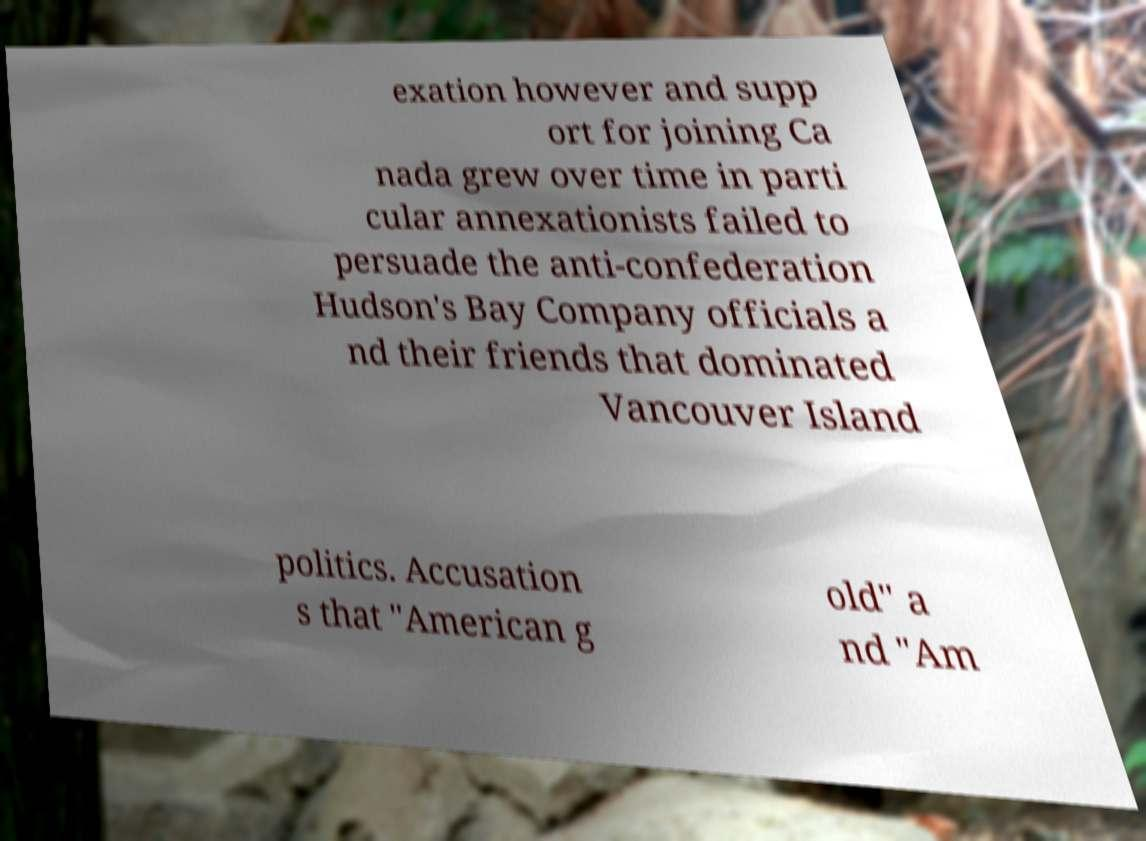What messages or text are displayed in this image? I need them in a readable, typed format. exation however and supp ort for joining Ca nada grew over time in parti cular annexationists failed to persuade the anti-confederation Hudson's Bay Company officials a nd their friends that dominated Vancouver Island politics. Accusation s that "American g old" a nd "Am 
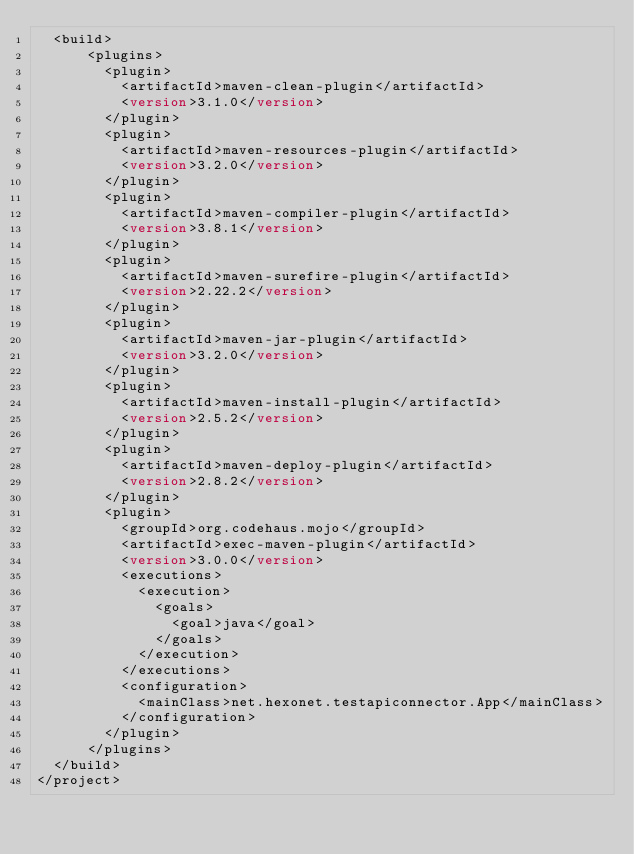Convert code to text. <code><loc_0><loc_0><loc_500><loc_500><_XML_>  <build>
      <plugins>
        <plugin>
          <artifactId>maven-clean-plugin</artifactId>
          <version>3.1.0</version>
        </plugin>
        <plugin>
          <artifactId>maven-resources-plugin</artifactId>
          <version>3.2.0</version>
        </plugin>
        <plugin>
          <artifactId>maven-compiler-plugin</artifactId>
          <version>3.8.1</version>
        </plugin>
        <plugin>
          <artifactId>maven-surefire-plugin</artifactId>
          <version>2.22.2</version>
        </plugin>
        <plugin>
          <artifactId>maven-jar-plugin</artifactId>
          <version>3.2.0</version>
        </plugin>
        <plugin>
          <artifactId>maven-install-plugin</artifactId>
          <version>2.5.2</version>
        </plugin>
        <plugin>
          <artifactId>maven-deploy-plugin</artifactId>
          <version>2.8.2</version>
        </plugin>
        <plugin>
          <groupId>org.codehaus.mojo</groupId>
          <artifactId>exec-maven-plugin</artifactId>
          <version>3.0.0</version>
          <executions>
            <execution>
              <goals>
                <goal>java</goal>
              </goals>
            </execution>
          </executions>
          <configuration>
            <mainClass>net.hexonet.testapiconnector.App</mainClass>
          </configuration>
        </plugin>
      </plugins>
  </build>
</project>
</code> 
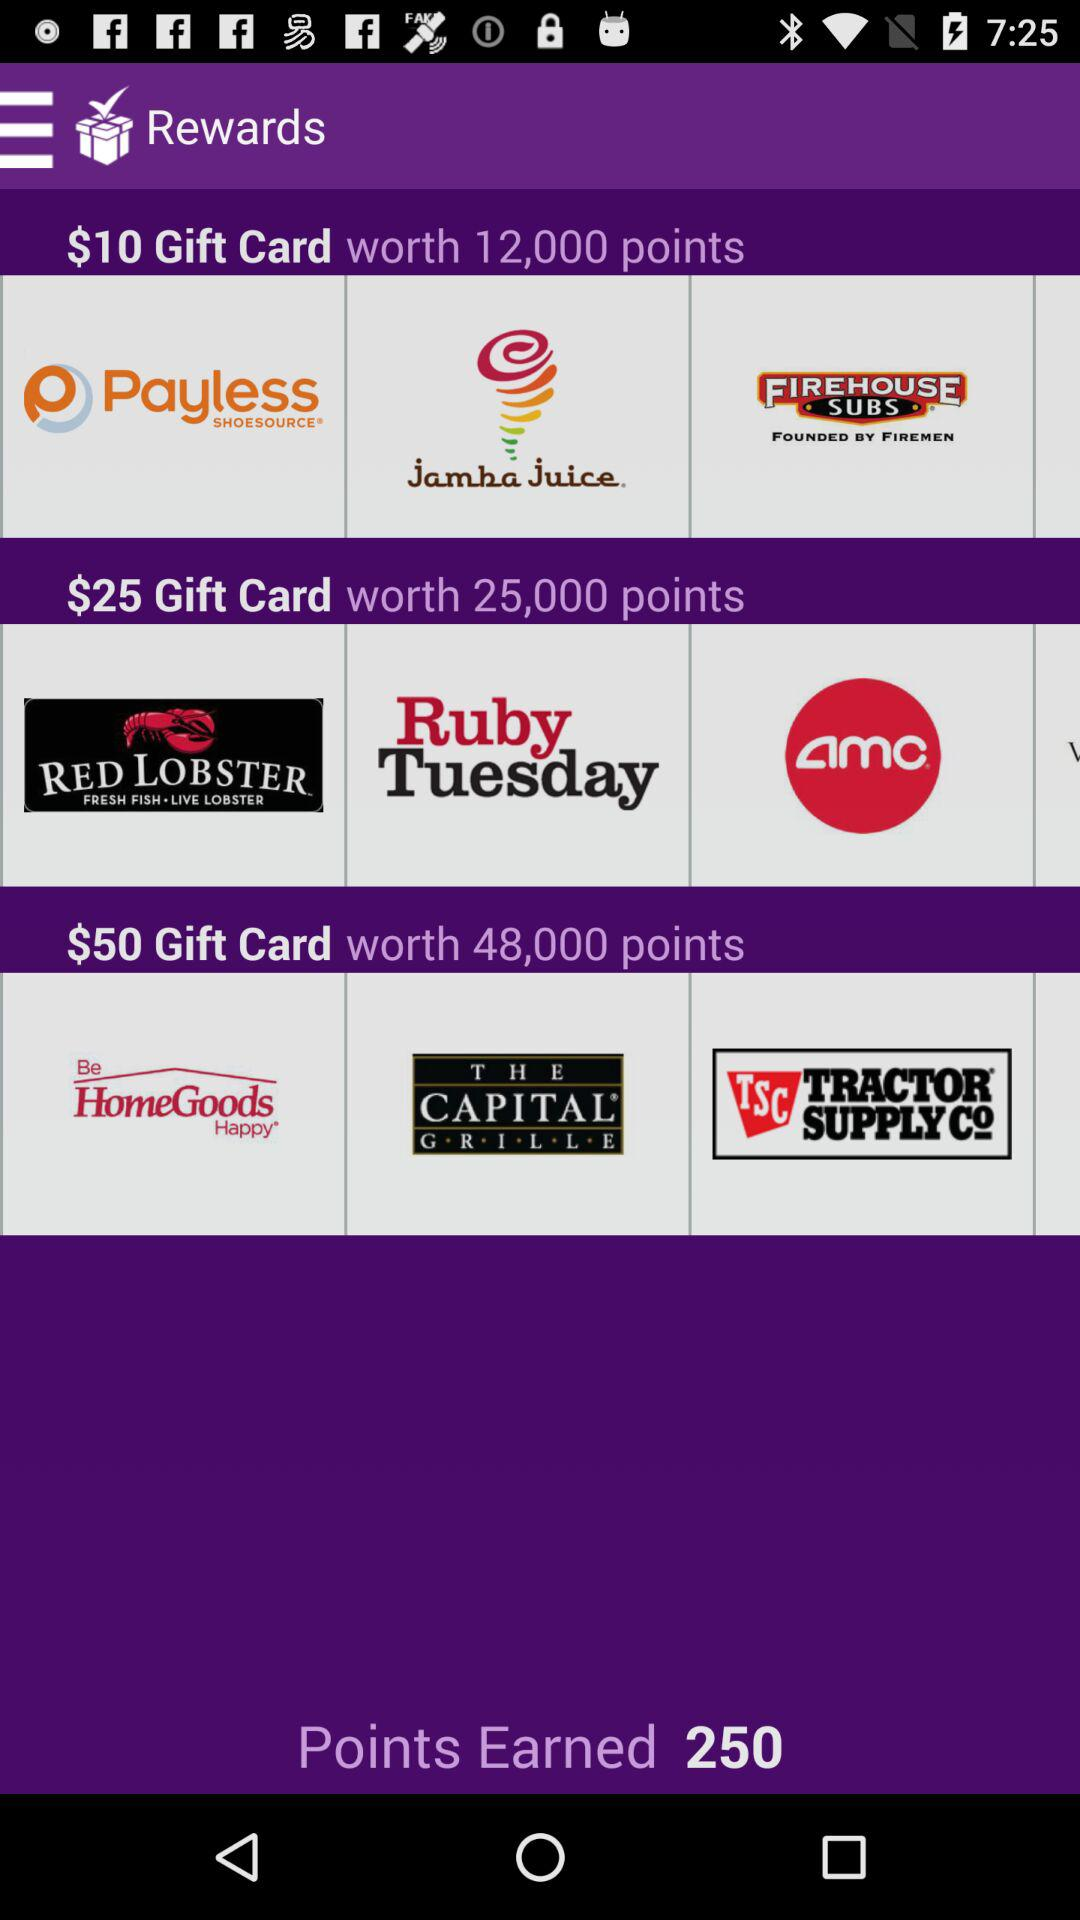How many points are needed to redeem the $25 gift card?
Answer the question using a single word or phrase. 25,000

☆ ☆ ☆

Your objective
For the word "maven", count the lines of the data that contain it and state only that count.

Response
8